Scale-up vs. scale-out architectures for SAP HANA – part 1

Dozens of articles, blog posts, how-to guides and SAP notes have been written about this subject.  One of the best was by John Appleby, now Global Head of DDM/HANA COEs @ SAP.[i]  Several others have been written by vendors with a vested interest in the proposed option. The vendor for which I work, IBM, offers excellent solutions for both options, so my perspective is based on both my and the experiences of our many customers, some that have chosen one or the other option, or both, in some cases.

Scale-out for BW is well established, understood, fully supported by SAP and can be cost effective from the perspective of systems acquisition costs.  Scale-out for S/4HANA, by comparison, is in use by very few customers, not well understood, yet is support by SAP for configurations up to 4 nodes.  Does this mean that a scale-out architecture should always be used for BW and a scale-up architecture for S/4HANA the only viable choice?  This blog post will discuss only BW and similar analytical environments including BW/4HANA, data marts, data lakes, etc.  The next will discuss S/4HANA and the third in the series will discuss vendor selection and where one might have an advantage over the others. 

Scale-out has 3 key advantages over scale-up:

  • Every vendor can participate therefore competitive bidding of “commodity” level systems can result in optimal pricing.
  • High availability, using host auto-failover requires nothing more than n+1 systems as the hot standby node can take over the role of any other node (some customers chose n+2 or group nodes and standby nodes).
  • Some environments are simply too large to fit in even the largest supported scale-up systems.
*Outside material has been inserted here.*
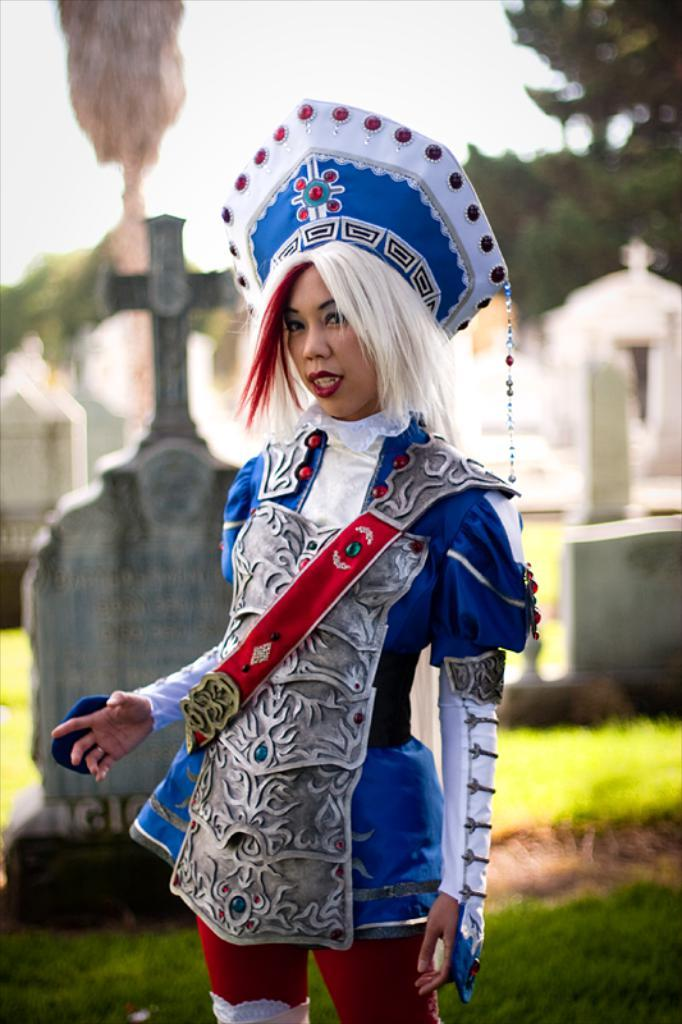Who is present in the image? There is a woman in the image. What is the woman wearing? The woman is wearing a blue dress. Where is the woman standing? The woman is standing on the grass. What can be seen in the background of the image? There are graves, trees, and the sky visible in the background of the image. What type of cake is being served at the car show in the image? There is no cake or car show present in the image; it features a woman standing on the grass with graves, trees, and the sky visible in the background.

Scale-up, likewise, has 3 key advantages over scale-out:

  • Performance is, inevitably, better as joins across memory are always faster than joins across a network
  • Management is much simpler as query analysis and data distribution decisions need not be performed on a regular basis plus fewer systems are involved with the corresponding decrease in monitoring, updating, connectivity, etc.
  • TCO can be lower when the costs of systems, storage, network and basis management are included.

Business requirements, as always, should drive the decision as to which to use.  As mentioned, when an environment is simply too large, unless a customer is willing to ask for an exception from SAP (and SAP is willing to grant it), then scale-out may be the only option.  Currently, SAP supports BW configurations of up to 6TB on many 8-socket Intel Skylake based systems (up to 12TB on HPE’s 16-socket system) and up to 16TB on IBM Power Systems.

The next most important issue is usually cost.  Let’s take a simple example of an 8TB BW HANA requirement.  With scale-out, 4 @ 2TB nodes may be used with a single 2TB node for hot standby for a total of 10TB of memory.  If scale-up is used, the primary system must be 8TB and the hot-standby another 8TB for a total of 16TB of memory.  Considering that memory is the primary driver of the cost of acquisition, 16TB, from any vendor, will cost more than 10TB.  If the analysis stops there, then the decision is obvious. However, I would strongly encourage all customers to examine all costs, not just TCA.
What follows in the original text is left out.